42:04 And, yeah, so that's what I've been building.

42:06 And so the idea with Dog Sheep, it's basically an umbrella project for a whole bunch of tools around this idea of personal analytics.

42:13 Like what data is there about me in the world?

42:16 How can I get that data out of lots of different sources and get it into SQLite databases?

42:20 Because once it's in SQLite, I can run data set on top of it.

42:23 And now I've got this personal data warehouse of my data from all of these different sources.

42:28 And then on top of that, I can build a search engine, which I've now built, which ties all of this stuff together again.

42:33 And so, yeah, so I've been tinkering around with all sorts of tools in this category for, yeah, just over a year now.

42:40 And I've got – so right now I've got data in my personal Dog Sheep from Twitter.

42:45 I've got all of my tweets, but also all of the tweets that I've favorited.

42:48 And I've favorited like 30,000 tweets, but I can search those and see who I've favorited the most from and so on.

42:54 I've got all of my photos, as we discussed earlier.

42:57 I've got my health kit data from my Apple Watch, which means I can tell you my heart rate going back the last three years or something.

43:03 How do you get it off the Apple Watch?

43:05 So, again, Apple are really good for this kind of stuff.

43:08 They don't publish it to the – they don't upload it somewhere.

43:10 They keep it on your phone and on your watch.

43:13 But there's an export button.

43:14 In the health app on the iPhone, there's a button that says export my data.

43:18 And it actually creates a zip file full of XML on your phone and then gives you the option to like airdrop it to your laptop.

43:25 So I do that and I get a 300 megabyte zip file full of XML.

43:29 And then I write a script which reads that XML in terms of SQLite.

43:32 And so, yeah, so I've got all of that data.

43:34 The best thing about that is anytime you record an outdoor workout, like if you go for a run or even if you go for a walk, it records your latitude and longitude every few seconds.

43:43 And that's available in the data.

43:44 So I've got – so, like, within 10-meter maps of every walk I've taken for the past year, which is super fun.

43:50 I mentioned GitHub.

43:51 I've got all of the data from all of my GitHub projects.

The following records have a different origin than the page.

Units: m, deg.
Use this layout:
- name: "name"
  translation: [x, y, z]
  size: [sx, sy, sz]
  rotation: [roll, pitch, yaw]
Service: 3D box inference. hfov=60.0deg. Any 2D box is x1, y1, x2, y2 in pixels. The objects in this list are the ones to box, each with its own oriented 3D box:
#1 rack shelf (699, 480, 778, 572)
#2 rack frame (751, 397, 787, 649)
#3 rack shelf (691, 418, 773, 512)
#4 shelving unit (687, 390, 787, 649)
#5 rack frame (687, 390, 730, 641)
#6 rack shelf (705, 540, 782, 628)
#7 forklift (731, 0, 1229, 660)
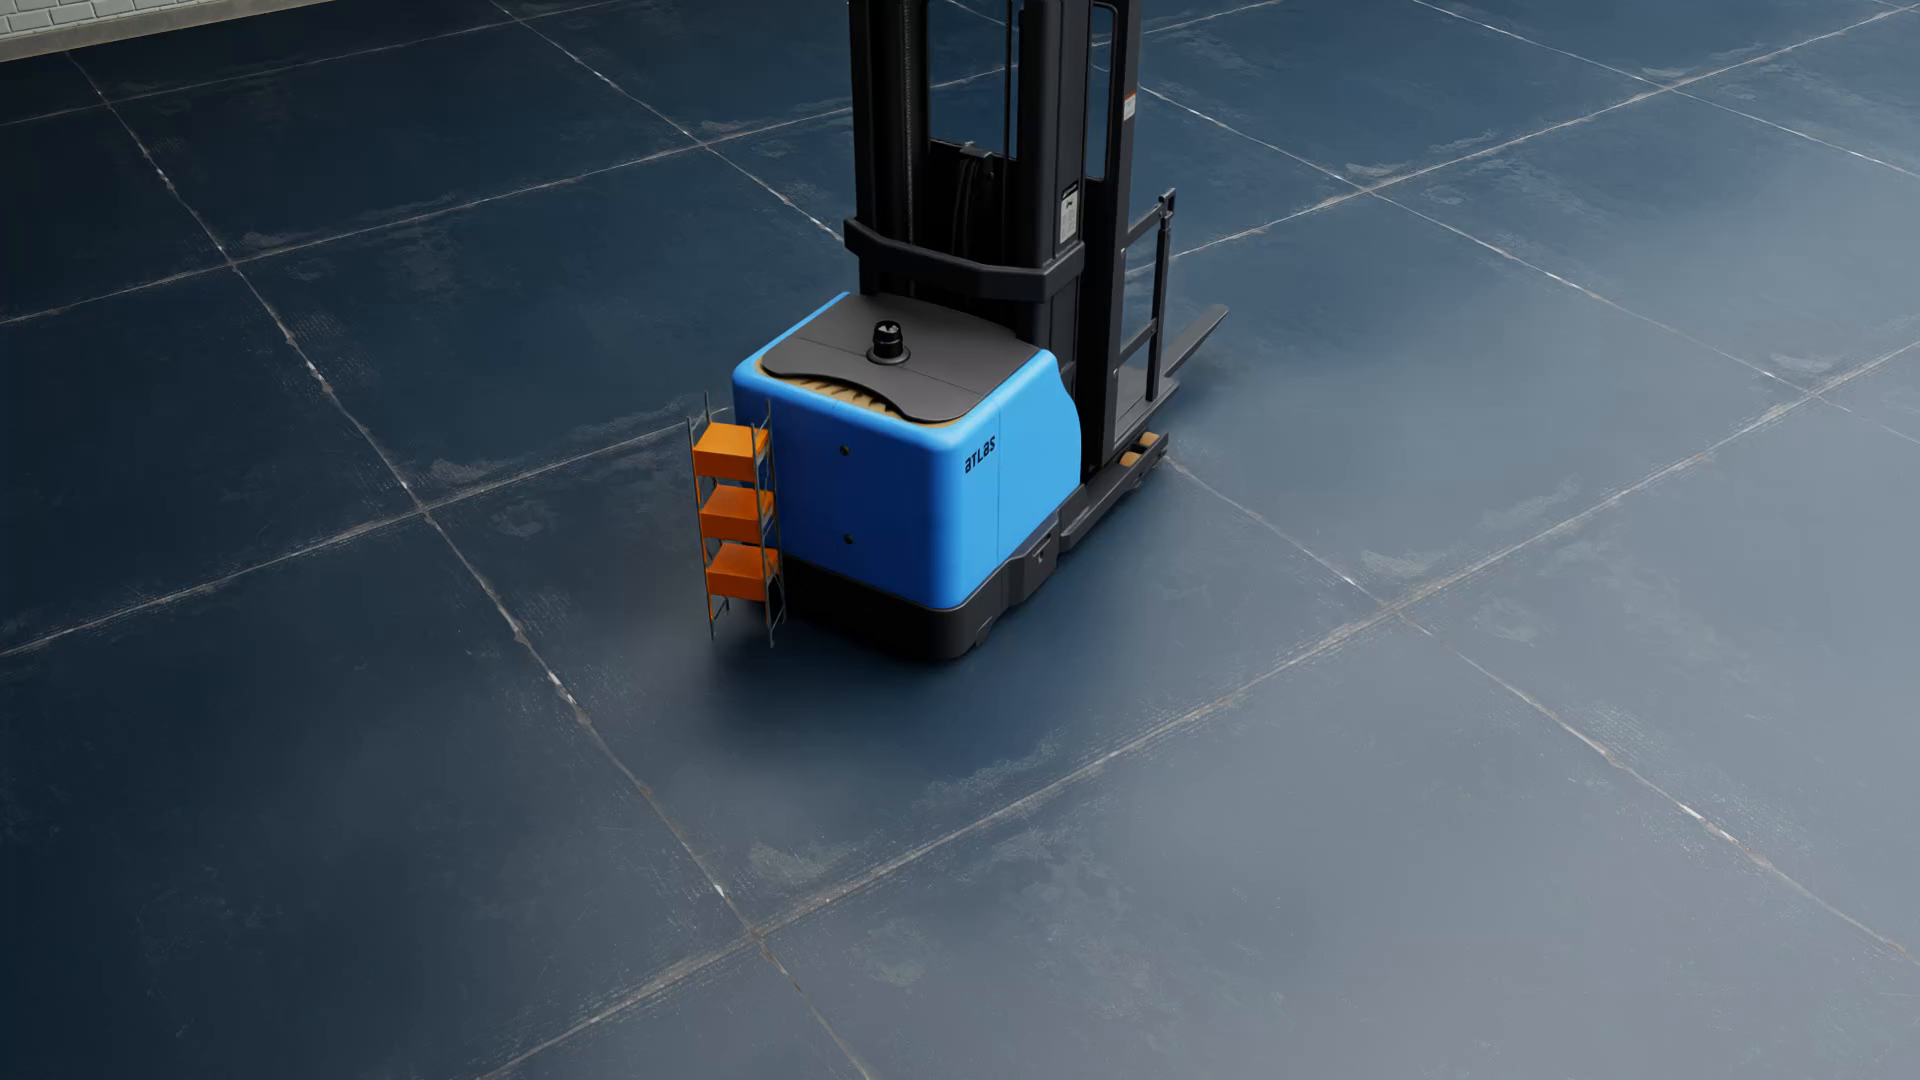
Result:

43:54 I've got over 400 repositories now.

43:55 So that's actually quite a lot of stuff.

43:57 I use Foursquare Swarm and check-in to places.

44:00 So I've got 4,000 swarm check-ins.

44:03 Oh, you have Google Takeout, which is insane.

44:05 Right.

44:05 I've only done a little bit of work with Google Takeout.

44:08 That's one of the least developed tools.

44:09 But, yeah, you can get Google's version of your location history, which is – like, for me, it's like 250,000 latitude, longitude points that they've – I don't even know where they got that stuff from.

44:19 Yeah.

44:20 I recently did a Google Takeout, and I think it was probably zipped.

44:23 I think it was 61 gigabytes or something.

44:26 I mean, it's a lot of data.

44:27 It's a lot of data.

44:28 And a lot of that is, like, photographs and document files and stuff.

44:31 But there's just a ton of very detailed JSON data about you as well.

44:35 With those exports, it's always fun to look for the ad targeting stuff because you'll find out that you have been assigned the role of a, like, middle-aged tech executive or something.

44:47 And you can see what they're targeting ads are actually based on.

44:49 I've got Evernote.

44:51 I've got, like, 600 notes from Evernote.

44:53 My Goodreads data on books that I've read, which is synced from my Kindle.

44:56 Oh, and then the most fun one is I've got a copy of my genome.

45:00 Because I did 23andMe a few years ago.

45:02 And I found out they've got an export button.

45:04 And you can get back a CSV file of 600,000, like, gene pairs from your genome, which I can now run SQL queries against.

45:12 So I have a SQL query that tells me what color my eyes are based on interrogating my own copy of my genome, which delights me.

45:18 That is pretty amazing.

45:19 That's just insane.

45:21 Yeah, so that's a ton of data, right?

45:23 This is a lot of stuff.

45:24 And I'm barely even scratching the surface of what I could be doing into this system.

45:27 Right.

45:28 Well, and these are all, like, plugins or other types.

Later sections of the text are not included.